Background: Homozygosity for the C allele of the −1T>C single nucleotide polymorphism (SNP) of the CD40 gene (rs1883832) is associated with susceptibility to coronary heart disease (CHD), enhanced CD40 expression, and shedding. The disintegrin metalloprotease ADAM17 can cleave various cell surface proteins. This study investigates an association between ADAM17-mediated CD40 shedding and inflammation in CC genotype human endothelial cells. Methods: Human umbilical vein endothelial cells (HUVEC) carrying the CC genotype were stimulated with soluble CD40 ligand (sCD40L) or tumor necrosis factor-α (TNFα). Messenger RNA and protein expression were determined with standard methods. Levels of high sensitive c-reactive protein (hs-CRP), interleukin-6 (IL-6), and sCD40 in plasma samples from patients with CHD were assessed using ELISA. Results: ADAM17 surface abundance was elevated following stimulation with CD40L and TNFα just as its regulator iRhom2. Inhibition of ADAM17 prevented TNFα-induced sCD40 and soluble vascular cell adhesion molecule-1 release into the conditioned medium and reinforced CD40 surface abundance.
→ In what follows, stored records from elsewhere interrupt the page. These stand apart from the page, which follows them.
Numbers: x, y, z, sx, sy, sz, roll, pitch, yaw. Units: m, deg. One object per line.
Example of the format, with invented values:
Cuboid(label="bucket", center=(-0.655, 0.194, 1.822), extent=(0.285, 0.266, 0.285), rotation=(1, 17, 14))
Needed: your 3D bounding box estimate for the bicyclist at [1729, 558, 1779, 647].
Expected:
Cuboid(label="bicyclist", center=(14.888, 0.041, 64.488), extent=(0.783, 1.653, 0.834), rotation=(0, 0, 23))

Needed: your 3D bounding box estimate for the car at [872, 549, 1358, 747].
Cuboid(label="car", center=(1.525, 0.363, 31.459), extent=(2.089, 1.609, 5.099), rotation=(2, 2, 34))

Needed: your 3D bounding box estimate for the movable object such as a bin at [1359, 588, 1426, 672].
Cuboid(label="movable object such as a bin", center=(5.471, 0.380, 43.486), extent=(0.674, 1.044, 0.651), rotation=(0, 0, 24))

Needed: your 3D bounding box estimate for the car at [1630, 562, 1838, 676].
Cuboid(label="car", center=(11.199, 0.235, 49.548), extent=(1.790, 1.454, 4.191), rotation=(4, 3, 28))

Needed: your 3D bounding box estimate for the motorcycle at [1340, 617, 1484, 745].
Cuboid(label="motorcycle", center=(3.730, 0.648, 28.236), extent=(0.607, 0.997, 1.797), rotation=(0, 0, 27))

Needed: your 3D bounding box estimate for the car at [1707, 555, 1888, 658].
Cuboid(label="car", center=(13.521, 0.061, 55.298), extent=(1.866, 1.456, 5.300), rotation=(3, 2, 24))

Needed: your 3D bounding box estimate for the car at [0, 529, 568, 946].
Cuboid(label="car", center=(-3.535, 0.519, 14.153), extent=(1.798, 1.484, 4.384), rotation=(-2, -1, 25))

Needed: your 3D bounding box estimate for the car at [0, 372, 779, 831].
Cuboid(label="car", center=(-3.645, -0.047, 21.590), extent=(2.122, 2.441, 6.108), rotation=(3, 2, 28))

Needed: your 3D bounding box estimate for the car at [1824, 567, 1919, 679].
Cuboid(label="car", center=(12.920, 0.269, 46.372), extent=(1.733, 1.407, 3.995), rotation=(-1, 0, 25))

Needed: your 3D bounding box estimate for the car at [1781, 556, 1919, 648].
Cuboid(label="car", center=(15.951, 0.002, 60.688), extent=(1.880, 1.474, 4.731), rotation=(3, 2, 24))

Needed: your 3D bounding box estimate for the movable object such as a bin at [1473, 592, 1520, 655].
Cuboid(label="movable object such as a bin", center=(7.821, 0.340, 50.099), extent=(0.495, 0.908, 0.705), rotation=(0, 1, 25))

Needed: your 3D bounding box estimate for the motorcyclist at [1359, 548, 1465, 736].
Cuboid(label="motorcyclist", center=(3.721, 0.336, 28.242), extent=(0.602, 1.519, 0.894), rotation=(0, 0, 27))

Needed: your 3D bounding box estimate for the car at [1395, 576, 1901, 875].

Secondary to inhibition of ADAM17, stimulation with CD40L or TNFα upregulated monocyte chemoattractant protein-1 mRNA and protein. Levels of sCD40 and the inflammatory biomarkers hs-CRP and IL-6 were positively correlated in the plasma of patients with CHD. Conclusions: We provide a mechanism by which membrane-bound CD40 is shed from the endothelial cell surface by ADAM17, boosting sCD40 formation and limiting downstream CD40 signaling. Soluble CD40 may represent a robust biomarker for CHD, especially in conjunction with homozygosity for the C allele of the −1T>C SNP of the CD40 gene.

[1]  T. Münzel,et al.  Role of CD40(L)-TRAF signaling in inflammation and resolution—a double-edged sword , 2022, Frontiers in Pharmacology.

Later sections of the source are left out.